Big Costs Drag AT&T to 4Q Loss, But Revenue Up 4 Percent


AT&T booked a nearly $4 billion loss for the fourth quarter because of a slew of one-time expenses that included a loss on benefit plans, but its revenue grew 4 percent to top expectations.

The nation’s second-largest wireless carrier added 1.9 million wireless subscribers – twice as many as in the year-ago quarter. Postpaid “churn,” or subscriber turnover rate, rose only slightly to 1.22 percent from 1.11 percent in the year-ago period, which was the best ever for a fourth quarter, the company said. Postpaid customers are generally those with better credit who stay with carriers longer, sometimes with contracts.

In its landline business, AT&T added 405,000 U-verse high-speed-internet subscribers, to bring the total to 12 million. It also added 73,000 U-verse TV subscribers.

Overall, revenue grew to $34.44 billion from $33.16 billion, helped by an 8 percent jump in wireless revenue. The company posted a loss of $3.98 billion, or 77 cents per share, for the final three months of 2014. Excluding multiple one-time items, it earned 55 cents per share. The average estimate of analysts surveyed by Zacks Investment Research was for earnings of 55 cents per share and revenue of $34.26 billion.

AT&T Inc. is facing pricing pressure from smaller rivals T-Mobile and Sprint in a competitive environment in which most Americans already have a cellphone. To keep growing, AT&T is looking beyond cellphones – to tablets and connected cars, for example. It is also working to expand overseas. The company announced this week that it is buying Nextel Mexico from NII Holdings for about $1.88 billion, minus the company’s debt.

The deal, expected to close in mid-2015, will give AT&T companies that operate under the name Nextel Mexico and hold all of the wireless properties in Mexico held by NII Holdings Inc. That includes spectrum licenses, network assets, retail stores and about 3 million subscribers. AT&T has also agreed to buy DirecTV and CEO Randall Stephenson said in a statement that the two transactions “will make us a very different company.”

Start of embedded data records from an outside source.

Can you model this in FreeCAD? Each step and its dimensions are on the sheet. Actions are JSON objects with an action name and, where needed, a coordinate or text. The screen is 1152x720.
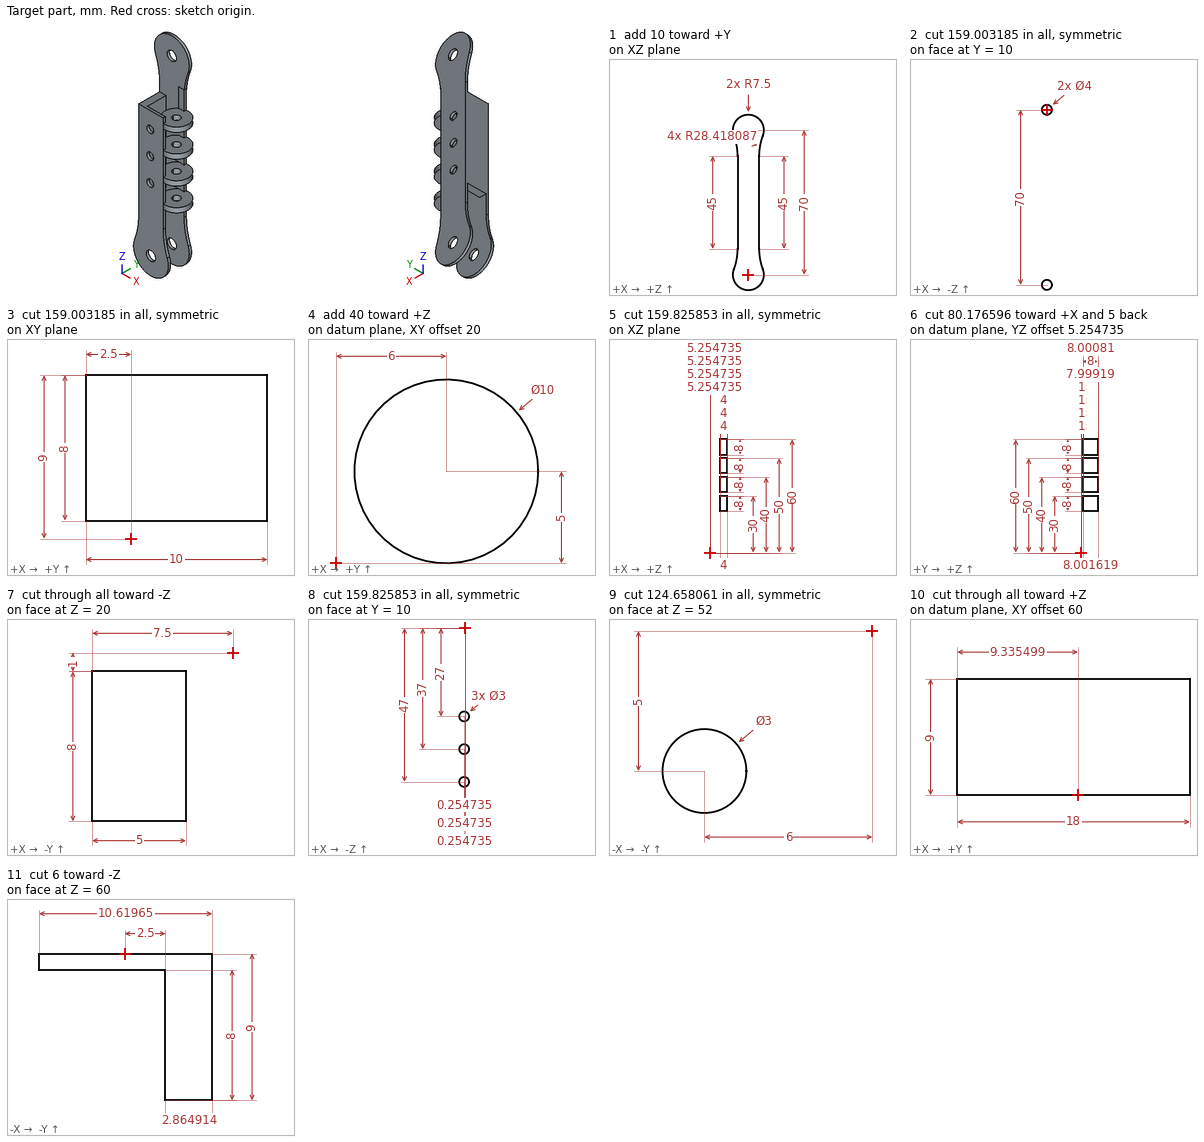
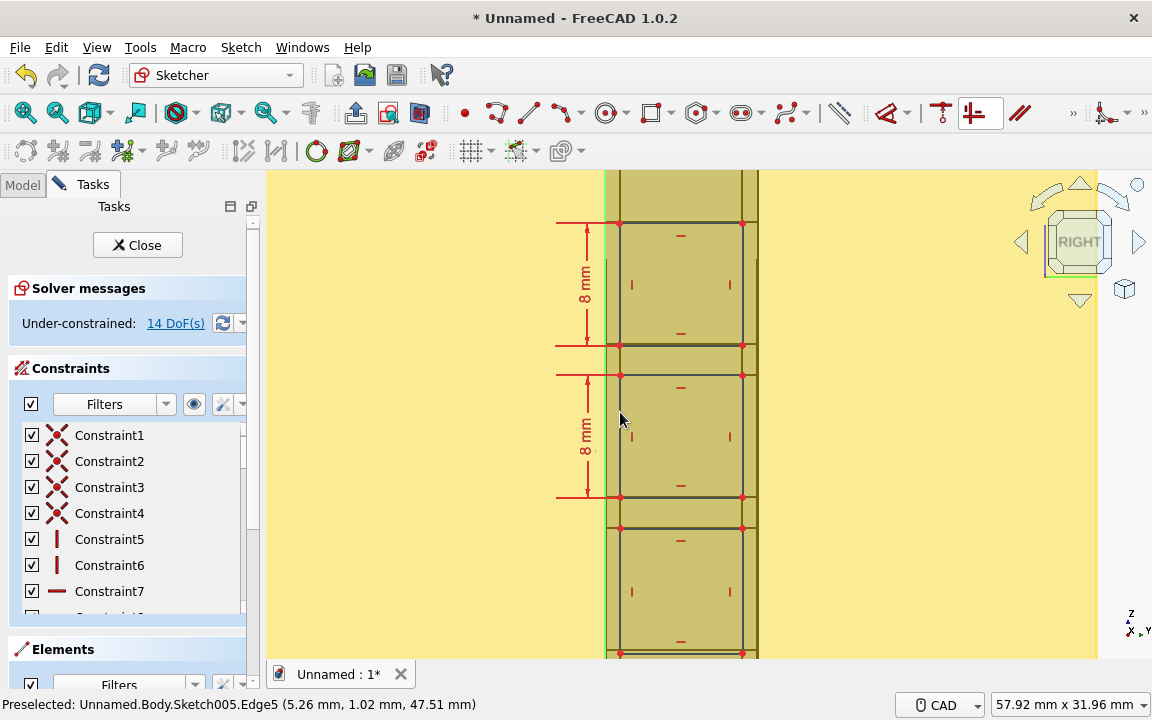
{"action": "left_click", "coordinate": [657, 498]}
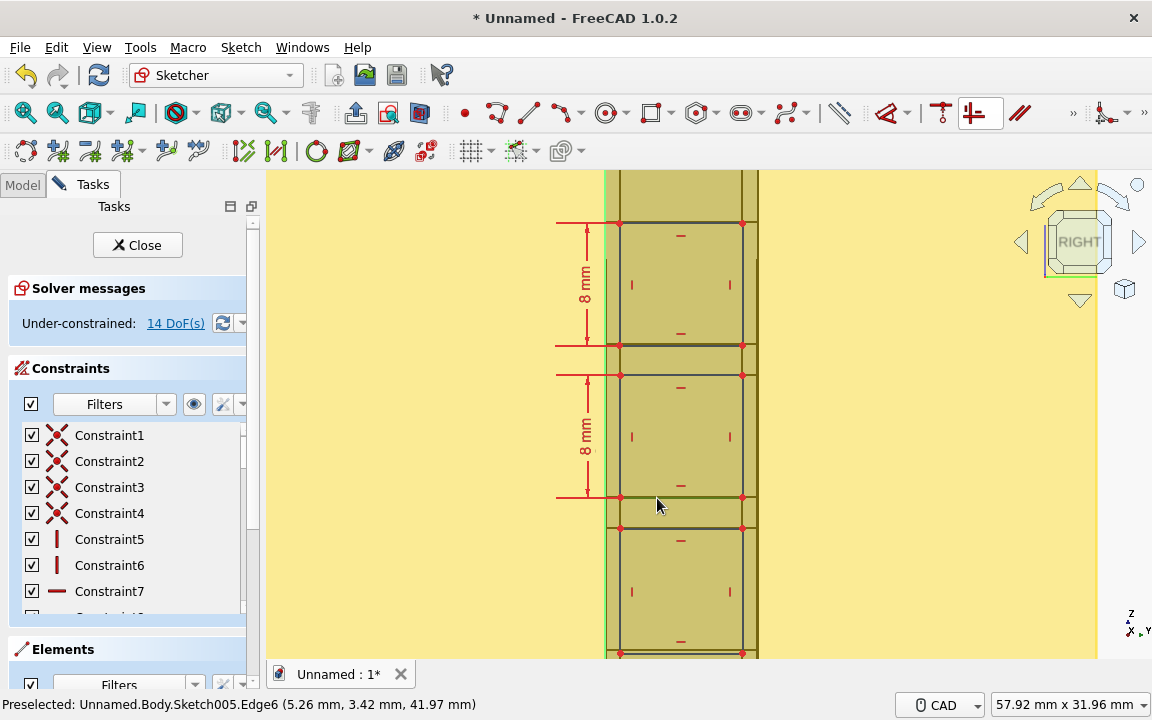
{"action": "left_click", "coordinate": [910, 114]}
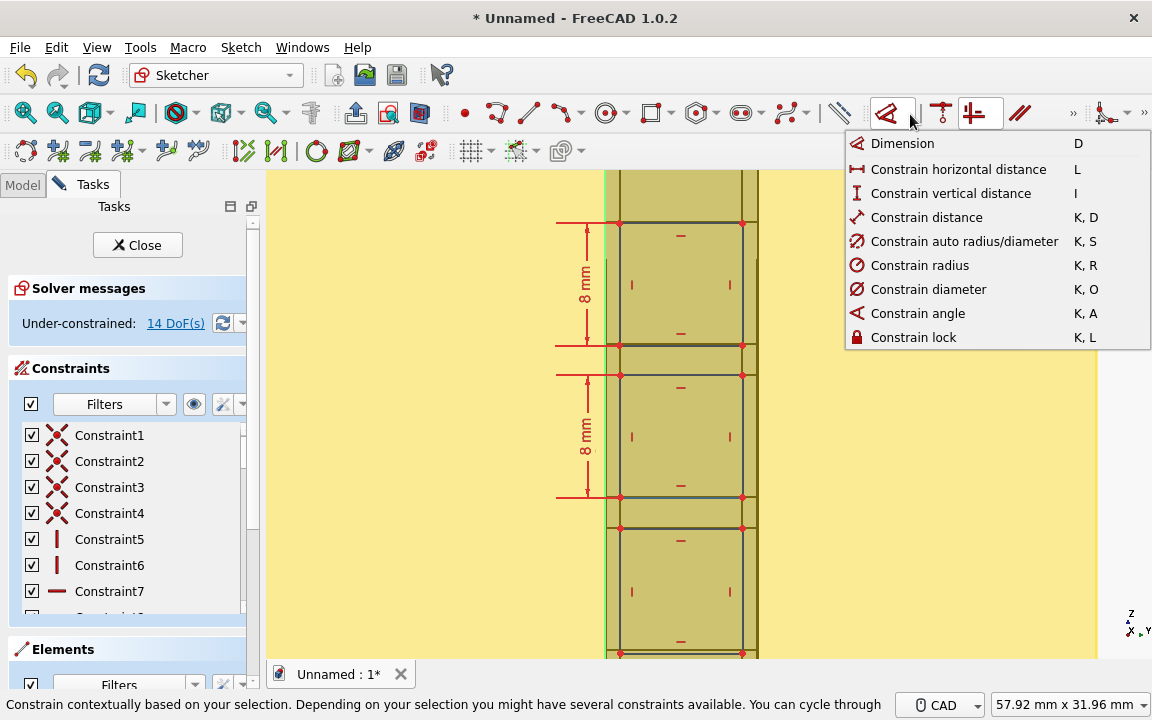
{"action": "left_click", "coordinate": [998, 169]}
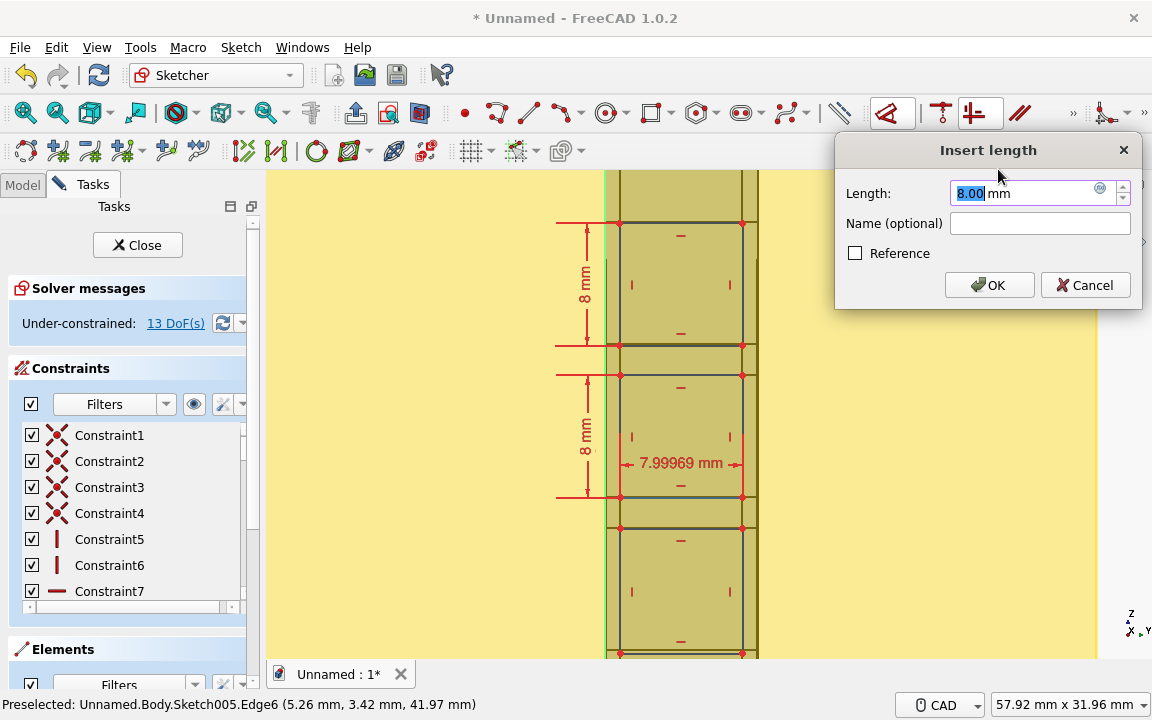
{"action": "type", "text": "8"}
{"action": "key", "text": "Return"}
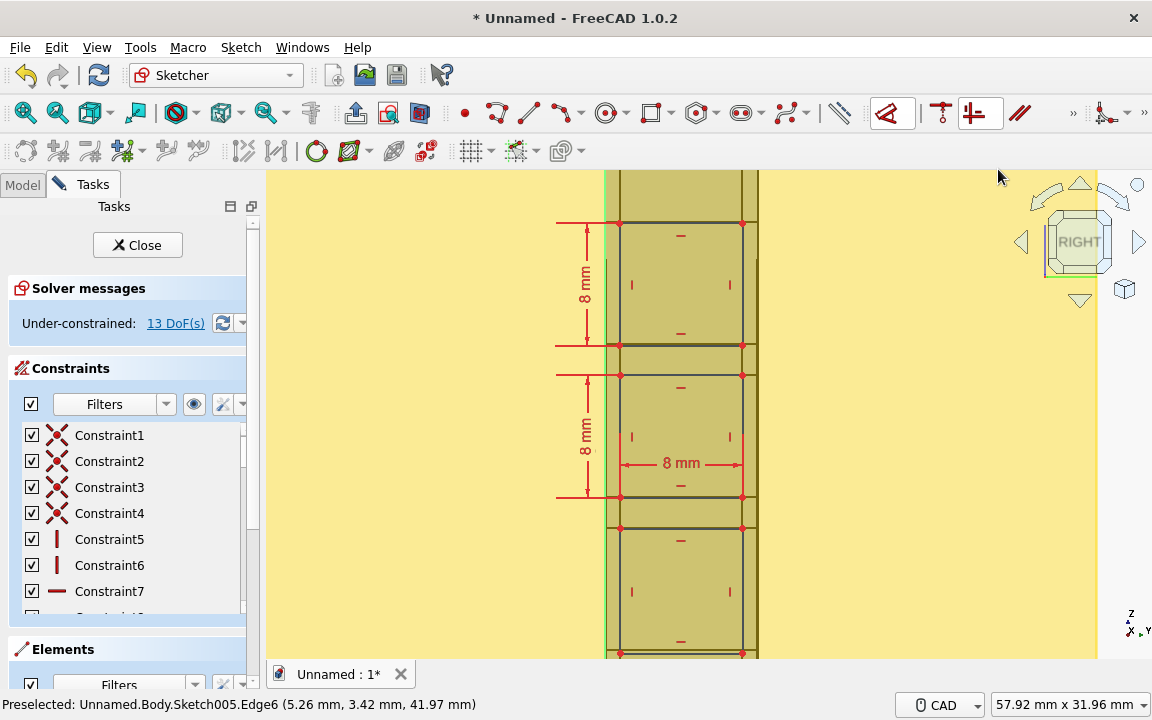
{"action": "left_click", "coordinate": [620, 566]}
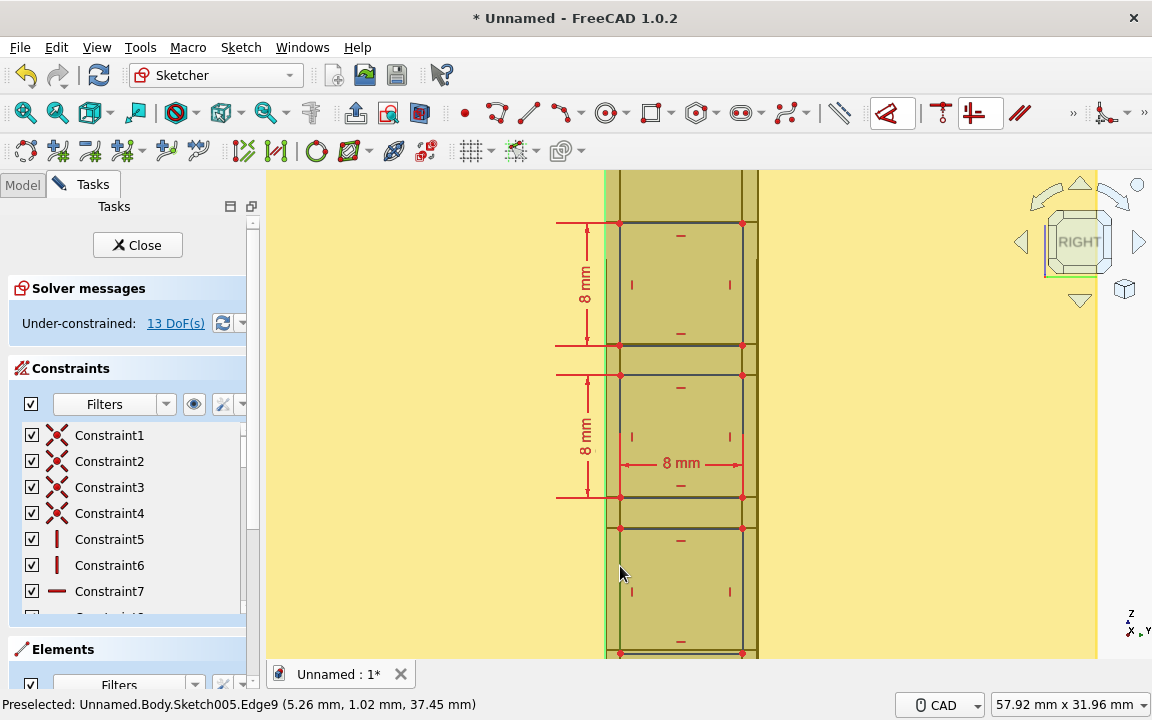
{"action": "left_click", "coordinate": [910, 114]}
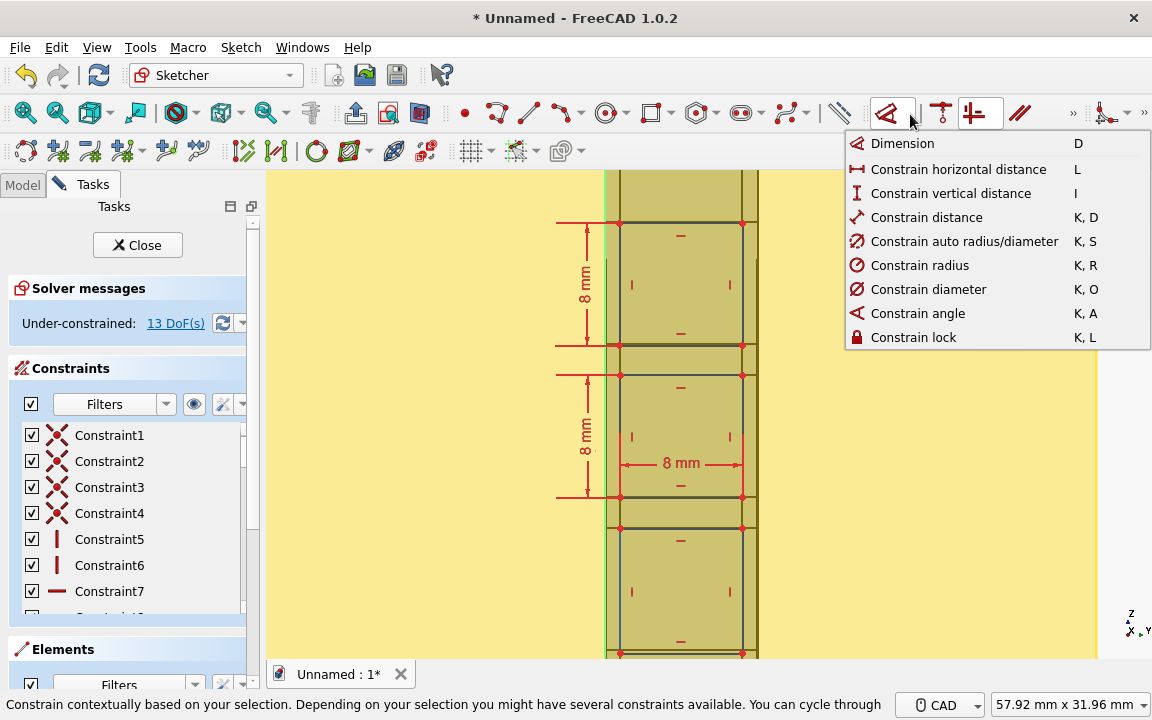
{"action": "left_click", "coordinate": [998, 193]}
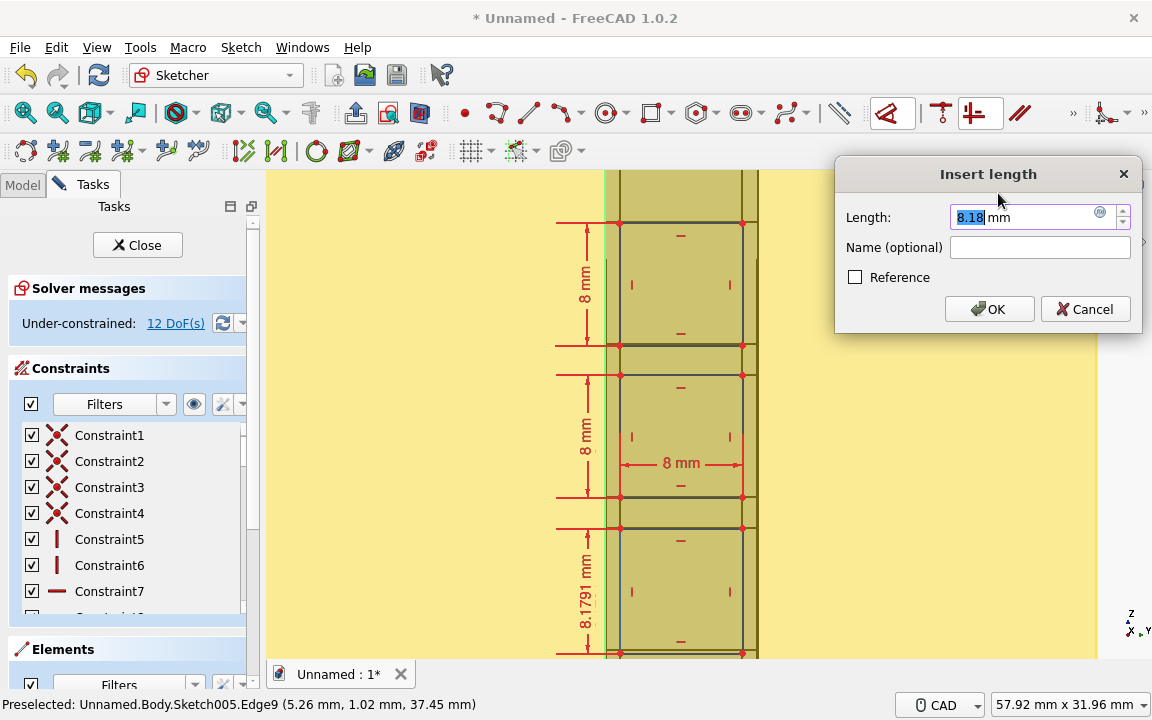
{"action": "type", "text": "8"}
{"action": "key", "text": "Return"}
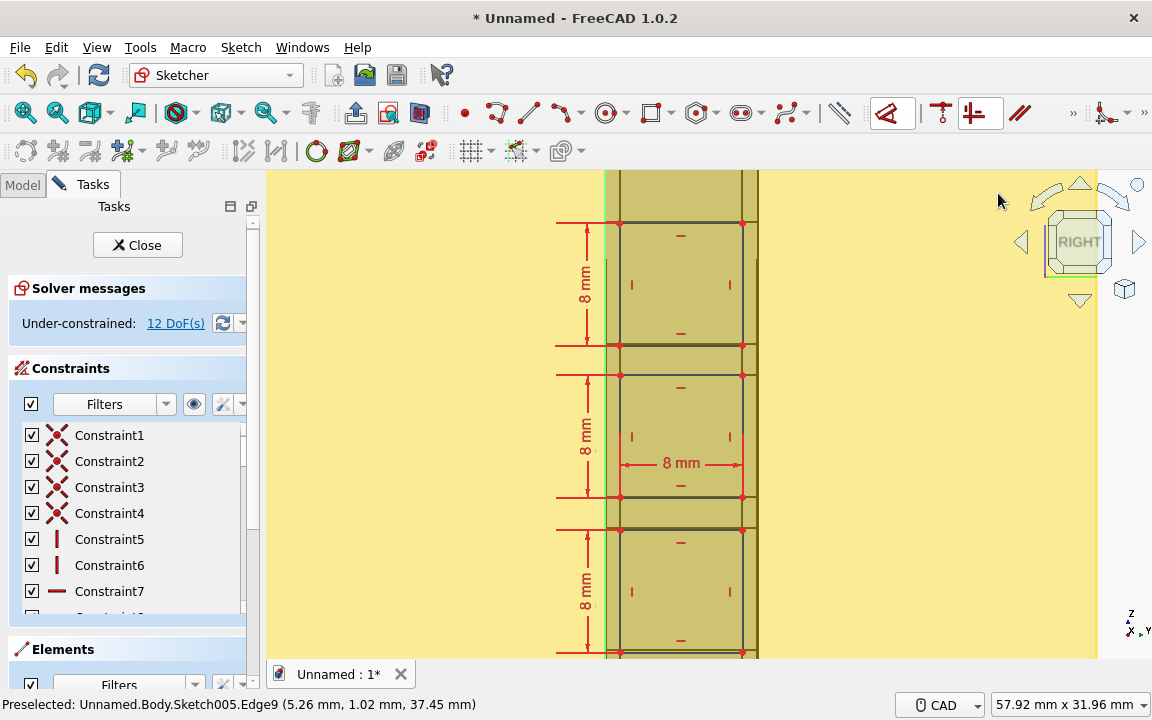
{"action": "scroll", "coordinate": [621, 259], "scroll_direction": "down", "scroll_amount": 5}

The rise of tablets and other connected devices gives wireless carriers additional revenue sources. For example, adding a tablet to a phone plan means an additional $10 in monthly service fees. Although that’s less than the $15 to $40 that AT&T gets for a new phone, the company doesn’t have to subsidize the cost of the tablet, the way it often does when customers buy a new phone under a two-year contract.

At the same time, Dallas-based AT&T is trying to wean customers off equipment subsidies and shift them toward installment plans in which they ultimately pay full price for a phone – $650 for an iPhone 6, for example, compared with $200 under subsidy pricing. That shift means it books less service revenue in the short term, as the company offers monthly discounts of $15 or $25 per phone.

On Tuesday, AT&T shares dropped 37 cents, or 1.1 percent, to $32.81.

The stock is down about 2 percent since the start of the year. In comparison, the Standard & Poor’s 500 index is just about flat. Over the past 12 months, AT&T’s shares lost less than 2 percent of their value, while the S&P 500 has gained 15.5 percent.

AT&T reported full-year revenue was $132.45 billion, up 3 percent from a year earlier. In October, the company trimmed its outlook for full-year revenue growth to a range of 3 percent to 4 percent, compared with about 5 percent as previously forecast.

The company said it expects revenue and adjusted earnings per share to grow in 2015 and will update guidance once the DirecTV deal is completed.

In aftermarket trading following the report, AT&T shares gained 47 cents to $33.28.